FinOps best practices
According to the FinOps Foundation, best practices include:
- Mandatory tags: owner, costCenter, environment, basis for cost allocation and accountability.
- SKU/environment limits: restrict VM types and SKUs (avoid surprises in dev/staging).
- Automatic shutdown: stop dev/sandbox resources after hours (Azure Automation/Runbooks/Stop schedules).
- Budgets and alerts: set budgets (e.g., 80% of forecast) and attach alerts to the pipeline; fail deployments when limits are exceeded.
- Visibility and analytics: export costs to Analytics/Power BI; use Azure Cost Management/AWS Cost Explorer for FinOps dashboards.

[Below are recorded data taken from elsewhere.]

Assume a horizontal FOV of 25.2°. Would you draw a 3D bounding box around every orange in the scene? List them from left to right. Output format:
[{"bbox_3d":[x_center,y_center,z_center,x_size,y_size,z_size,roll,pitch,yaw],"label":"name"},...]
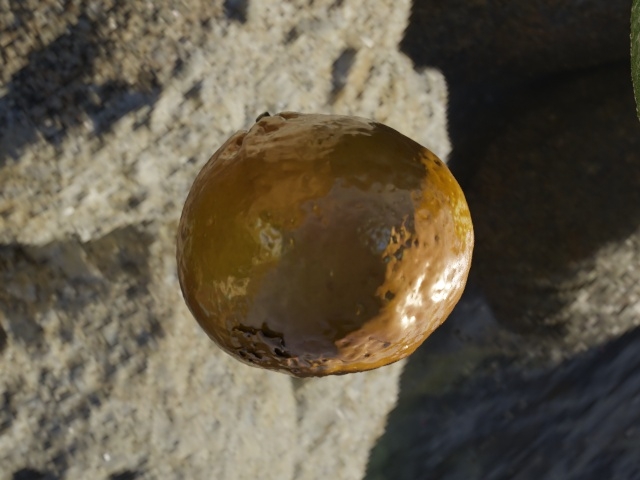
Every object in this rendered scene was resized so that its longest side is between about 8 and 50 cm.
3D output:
[{"bbox_3d":[0.002,0.002,1.037,0.219,0.219,0.193,-19,115,-19],"label":"orange"}]

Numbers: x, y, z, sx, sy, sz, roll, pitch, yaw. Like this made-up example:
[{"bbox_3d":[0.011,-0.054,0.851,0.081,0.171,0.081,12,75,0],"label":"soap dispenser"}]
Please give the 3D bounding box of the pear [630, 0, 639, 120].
[{"bbox_3d":[0.376,-0.171,1.245,0.139,0.288,0.239,17,71,-8],"label":"pear"}]
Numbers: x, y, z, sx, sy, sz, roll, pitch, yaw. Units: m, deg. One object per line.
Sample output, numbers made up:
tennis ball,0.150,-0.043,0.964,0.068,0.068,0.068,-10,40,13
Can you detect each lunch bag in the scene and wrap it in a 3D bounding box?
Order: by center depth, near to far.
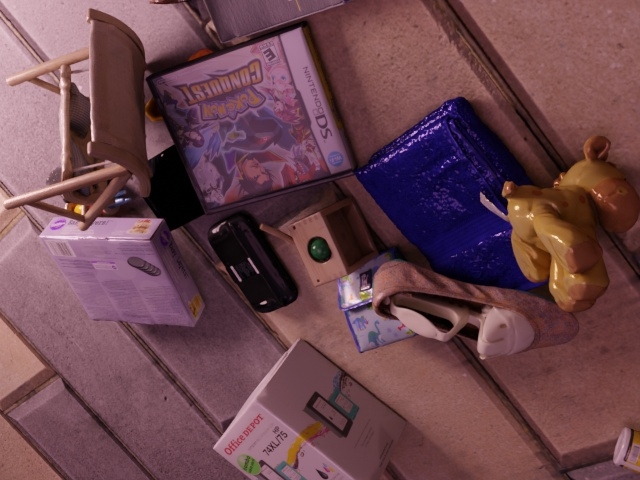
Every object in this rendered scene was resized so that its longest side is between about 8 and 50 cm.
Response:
lunch bag,0.104,0.100,1.262,0.128,0.096,0.151,-23,84,35

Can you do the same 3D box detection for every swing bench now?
swing bench,-0.374,-0.186,1.206,0.254,0.165,0.253,-22,64,34

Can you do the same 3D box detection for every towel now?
towel,0.218,-0.040,1.123,0.227,0.076,0.308,-35,100,37

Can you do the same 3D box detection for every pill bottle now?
pill bottle,0.545,0.355,1.208,0.116,0.065,0.065,19,126,16

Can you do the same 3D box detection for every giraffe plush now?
giraffe plush,0.347,-0.035,0.995,0.210,0.170,0.181,54,171,23

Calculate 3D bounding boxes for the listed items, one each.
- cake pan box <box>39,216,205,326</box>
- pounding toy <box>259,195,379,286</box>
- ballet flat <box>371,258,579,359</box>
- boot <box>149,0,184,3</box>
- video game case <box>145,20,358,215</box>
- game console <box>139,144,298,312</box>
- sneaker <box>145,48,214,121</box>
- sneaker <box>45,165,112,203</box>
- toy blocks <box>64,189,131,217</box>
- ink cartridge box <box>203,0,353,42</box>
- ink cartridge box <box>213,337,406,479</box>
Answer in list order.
cake pan box,-0.387,0.064,1.454,0.266,0.070,0.246,0,132,21
pounding toy,0.000,0.000,1.207,0.100,0.141,0.130,-22,94,35
ballet flat,0.223,0.121,1.117,0.316,0.106,0.108,14,130,15
boot,-0.230,-0.413,1.146,0.118,0.042,0.087,11,110,41
video game case,-0.108,-0.186,1.184,0.274,0.035,0.248,-14,113,17
game console,-0.179,-0.016,1.364,0.213,0.044,0.361,-22,107,37
sneaker,-0.226,-0.249,1.226,0.064,0.067,0.175,49,127,-5
sneaker,-0.461,-0.104,1.420,0.170,0.051,0.089,37,107,30
toy blocks,-0.419,-0.040,1.462,0.148,0.054,0.123,-11,113,31
ink cartridge box,-0.065,-0.456,1.016,0.307,0.072,0.304,-8,114,33
ink cartridge box,-0.020,0.373,1.422,0.270,0.197,0.198,38,128,2

Example: an Azure Landing Zone already comes with mandatory tagging and budgets as part of the foundation.
Policy deployment strategy
When adopting PaC and governance policies, do a gradual and iterative rollout:
Audit → Warn → Block → Remediate: start by monitoring (Audit mode) to understand impacts without interrupting processes. Then move to visible warnings, and only then to Deny or Modify actions. Active communication between IT and DevOps teams is crucial at each phase.
Quick wins: start with simple, high-impact policies like deployment region and mandatory tags. They're easy to understand and will yield quick results. As confidence grows, evolve to more critical rules.

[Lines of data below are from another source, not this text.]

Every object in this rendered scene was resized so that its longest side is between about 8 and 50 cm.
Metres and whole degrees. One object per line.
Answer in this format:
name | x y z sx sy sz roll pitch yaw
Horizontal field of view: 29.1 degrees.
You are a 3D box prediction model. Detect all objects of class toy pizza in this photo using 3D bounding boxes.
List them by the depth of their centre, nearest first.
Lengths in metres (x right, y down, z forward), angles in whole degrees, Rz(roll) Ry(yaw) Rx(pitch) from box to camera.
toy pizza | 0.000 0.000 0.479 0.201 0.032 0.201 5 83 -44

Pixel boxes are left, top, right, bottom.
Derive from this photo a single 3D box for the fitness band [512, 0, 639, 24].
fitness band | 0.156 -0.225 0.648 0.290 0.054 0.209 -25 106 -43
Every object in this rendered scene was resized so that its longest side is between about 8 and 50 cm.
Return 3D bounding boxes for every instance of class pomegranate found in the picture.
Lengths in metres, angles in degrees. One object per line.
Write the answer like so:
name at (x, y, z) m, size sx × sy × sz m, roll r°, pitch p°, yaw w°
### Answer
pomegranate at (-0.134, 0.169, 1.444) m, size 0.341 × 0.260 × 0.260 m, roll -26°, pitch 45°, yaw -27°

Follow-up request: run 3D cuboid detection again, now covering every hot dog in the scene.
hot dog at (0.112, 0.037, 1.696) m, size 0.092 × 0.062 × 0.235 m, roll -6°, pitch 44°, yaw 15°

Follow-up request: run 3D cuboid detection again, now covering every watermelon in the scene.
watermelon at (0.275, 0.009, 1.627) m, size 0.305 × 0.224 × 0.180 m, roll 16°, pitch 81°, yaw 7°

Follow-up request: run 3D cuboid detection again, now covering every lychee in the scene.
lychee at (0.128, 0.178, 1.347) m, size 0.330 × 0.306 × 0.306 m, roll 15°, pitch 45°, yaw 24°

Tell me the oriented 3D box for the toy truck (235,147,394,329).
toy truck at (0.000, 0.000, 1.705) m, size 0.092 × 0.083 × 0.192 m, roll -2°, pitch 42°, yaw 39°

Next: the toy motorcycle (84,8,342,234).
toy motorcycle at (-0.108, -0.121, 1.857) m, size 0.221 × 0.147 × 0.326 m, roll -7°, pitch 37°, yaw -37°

Clear messages: policies should have obvious descriptions. Generic errors like "Policy Failed" are not helpful – prefer specific feedback ("Invalid region: use East US or West Europe").
30/60/90 day plans: many teams define maturity timelines. For example, in 30 days inventory desired policies and enable audit mode, in 60 days integrate tests in CI and use admission controllers in staging, and in 90 days enable blocks in production for critical rules and automate remediations. Thus, governance becomes a continuous enabler, not an emergency obstacle.
Integrating Policy-as-Code into platform engineering turns governance into an ally, not a bottleneck. When security, compliance, and cost policies are incorporated into daily life in an automated way, they become invisible to the user – the team just sees the “rules of the game” working in the background. As a result, teams deliver faster and with less risk: there is no longer a “no team” blocking requests, but rather automatic guidance that steers development.